In an article for Foreign Policy, Thum cited reports from police in three Chinese counties that nearly every Uighur born between 1980 and 2000 has been interned, because they belong to an “untrustworthy generation.” The children left behind are now wards of the state, undoubtedly facing an anti-Uighur Chinese assimilation program. In one county alone, the government has built 18 new orphanages in the last year.

“Though we do not know what is happening in each of these facilities, in at least some of these facilities, detainees are subject to waterboarding, being kept in isolation without food and water, and being prevented from sleeping,” said Jessica Batke, a former State Department research analyst, in testimony before the Congressional-Executive Commission on China earlier this summer.

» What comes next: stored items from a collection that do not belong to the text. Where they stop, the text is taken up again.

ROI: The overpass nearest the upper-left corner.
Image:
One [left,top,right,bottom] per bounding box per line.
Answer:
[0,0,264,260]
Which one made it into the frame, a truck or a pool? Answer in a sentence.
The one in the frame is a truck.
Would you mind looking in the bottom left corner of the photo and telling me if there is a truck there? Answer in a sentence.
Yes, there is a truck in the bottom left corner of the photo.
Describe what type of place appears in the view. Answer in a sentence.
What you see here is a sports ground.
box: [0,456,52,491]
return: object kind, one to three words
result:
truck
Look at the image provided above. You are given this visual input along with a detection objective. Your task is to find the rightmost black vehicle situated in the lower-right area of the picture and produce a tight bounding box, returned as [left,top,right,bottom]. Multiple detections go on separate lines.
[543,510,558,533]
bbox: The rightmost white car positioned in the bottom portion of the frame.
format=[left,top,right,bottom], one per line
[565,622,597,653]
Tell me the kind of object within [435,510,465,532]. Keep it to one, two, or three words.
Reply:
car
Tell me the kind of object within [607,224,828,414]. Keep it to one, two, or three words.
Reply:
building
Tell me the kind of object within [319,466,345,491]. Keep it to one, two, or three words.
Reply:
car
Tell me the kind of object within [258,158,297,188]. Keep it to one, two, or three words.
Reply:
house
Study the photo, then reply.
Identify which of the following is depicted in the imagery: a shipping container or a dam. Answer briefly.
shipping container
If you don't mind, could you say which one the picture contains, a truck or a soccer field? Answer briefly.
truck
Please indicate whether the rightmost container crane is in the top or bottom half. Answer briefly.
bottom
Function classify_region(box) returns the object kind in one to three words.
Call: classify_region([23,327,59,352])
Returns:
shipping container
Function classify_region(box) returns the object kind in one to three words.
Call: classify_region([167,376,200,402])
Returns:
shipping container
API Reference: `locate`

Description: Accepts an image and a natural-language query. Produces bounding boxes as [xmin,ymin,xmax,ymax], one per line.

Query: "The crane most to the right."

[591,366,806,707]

“They are interrogated about their religious practices and about having made trips abroad,” she continued. “They are forced to apologize for the clothes they wore or for praying in the wrong place at the wrong time.”

China continues to dispute the reports, alternately denying the camps exist at all, or referring to them as “political education” centers, or, in one particularly brazen claim, saying they’re “vocational education and employment training centers.”

Given the locked-down status of the region (Uighurs are reportedly unable to leave the region, and those with family members abroad have been detained because of it), it’s difficult to obtain accurate information. In February, China imprisoned the families of four U.S.-based Uighur journalists at Radio Free Asia, apparently as retribution for their coverage of what’s happening in Xinjiang. Beijing has also expelled a prominent Western journalist known for covering the region.

“If China truly has nothing to hide, then it is past time to allow United Nations experts, independent journalists, diplomats, and other observers free access to the region to examine all such incidents,” said Sophie Richardson, China director at Human Rights Watch.

As for the future of those in the camps themselves, Thum sees horrifying signs:

But questions remain, including the crucial matters of what the internment network is designed to do and what is in store for its victims. The range of interpretations is wide. Local media in Xinjiang present the camps as short-term rehabilitation facilities. Uighurs with family members and friends now gone for six months and more fear much worse. And the appearance of a recruitment notice for 50 “stouthearted” guards at a crematorium outside of Urumqi, the regional capital, has fed fears that the Chinese government is equipped for mass killing.

CORRECTION: A photo caption in a previous version of this story mischaracterized the events in the photo, which has been replaced.